Farce is known for its outrageous plots strewn throughout with ludicrous circumstances, in which it is actually better if you don’t try to make sense of the plot because they often don’t make sense. If the characters were to slow down and logically think out what was happening, the whole storyline could often be avoided. Because of this it is essential that farce be performed at a quick pace. That way the cavalcade of events avalanche into one another so completely that the outrageous becomes believable simply because no one has time to logically dissect what just happened. The subsequent action becomes the reaction for what came before.

The other key component to farce is that the actors – not the characters, they can be flustered, but the actors have to make it look easy. Like the Harlem Globe Trotters, if the audience can see the performers prepping for the next bit, all of the magic is lost. Every successive curve ball thrown at them needs to be as much of a surprise to the character as it is to the audience. Unfortunately, the pacing of Group Rep’s “Hotel Paradiso” is stop and go, and the cast is working for every line.

Van Boudreaux and Gina Yates

Van Boudreaux and Gina Yates

There are a few moments that live up to true farce, and a few of the actors turn in respectable performances. Van Boudreaux as Benedict Boniface is fabulously expressive and his takes to the audience are perfectly timed, and Andrew Bourgeois is wonderfully awkward and oblivious as Maxime. However, by and large this cast feels under-rehearsed, and painfully so.

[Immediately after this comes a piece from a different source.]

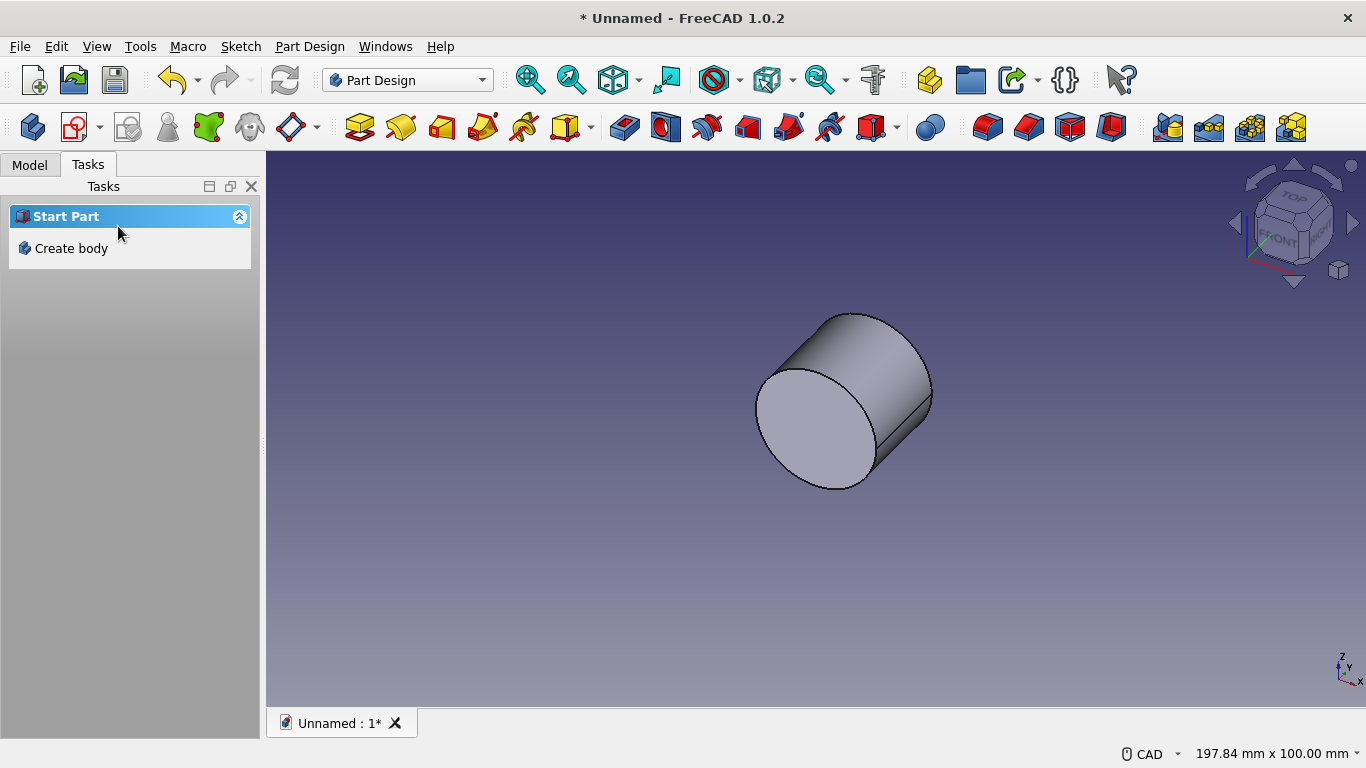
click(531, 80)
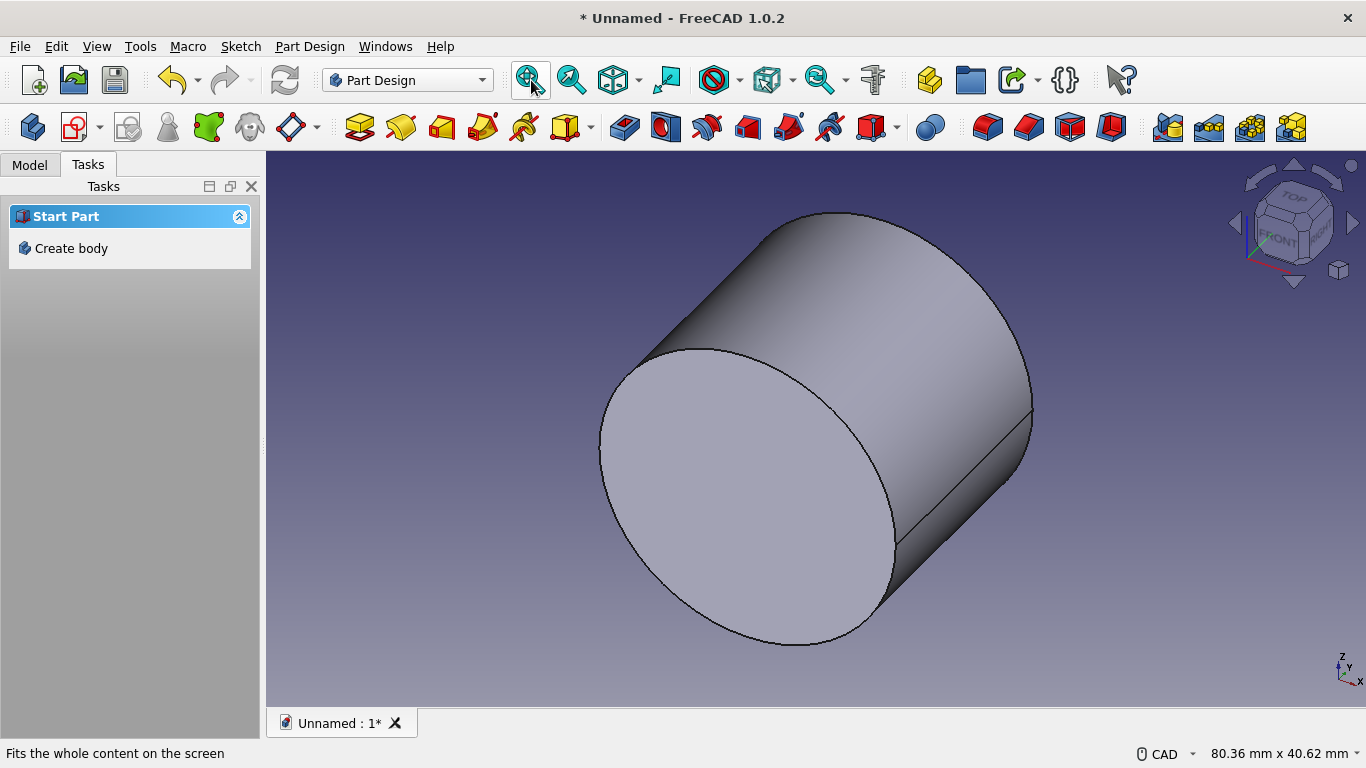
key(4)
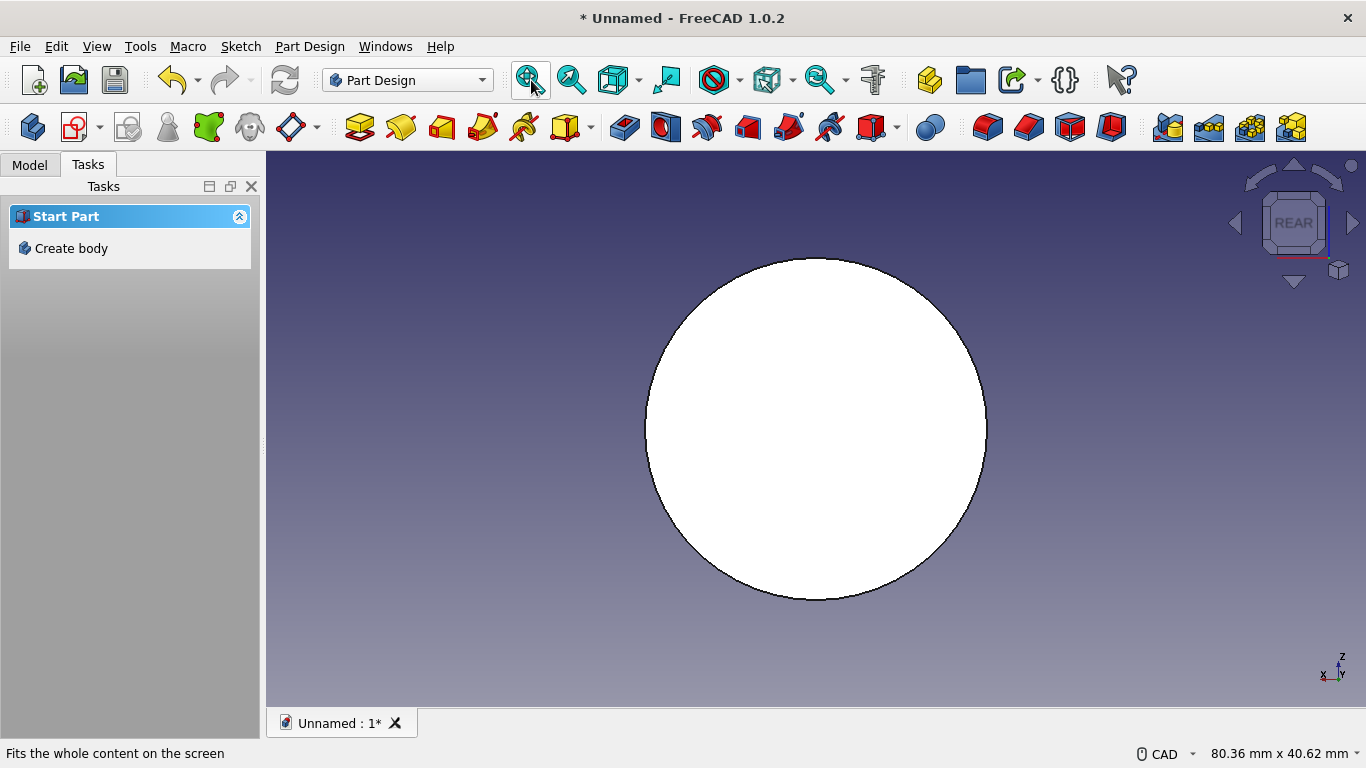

The pacing is stilted, cues are dropped right and left, many of the actors appear to be uncomfortable in their business and those affecting an accent have trouble hanging on to them. There is even a discrepancy as to the pronunciation of names from one character to the next.

At the end, where there are several instances where the entire cast speaks the same line, the pacing slows further still and the actors obviously look to one another to try to stay in sync. This lack of crispness and polish creates a very long evening at the theatre stretching the run time of this production to two hours and 45 minutes (including the two intermissions).

Good farce is like a tidal wave. Your best bet is to enjoy the ride because no matter what, you’re going to get swept up in the commotion. This production is more akin to a mountain stream. You can easily stand up and make your way to the shore. Or, never leave the shore in the first place.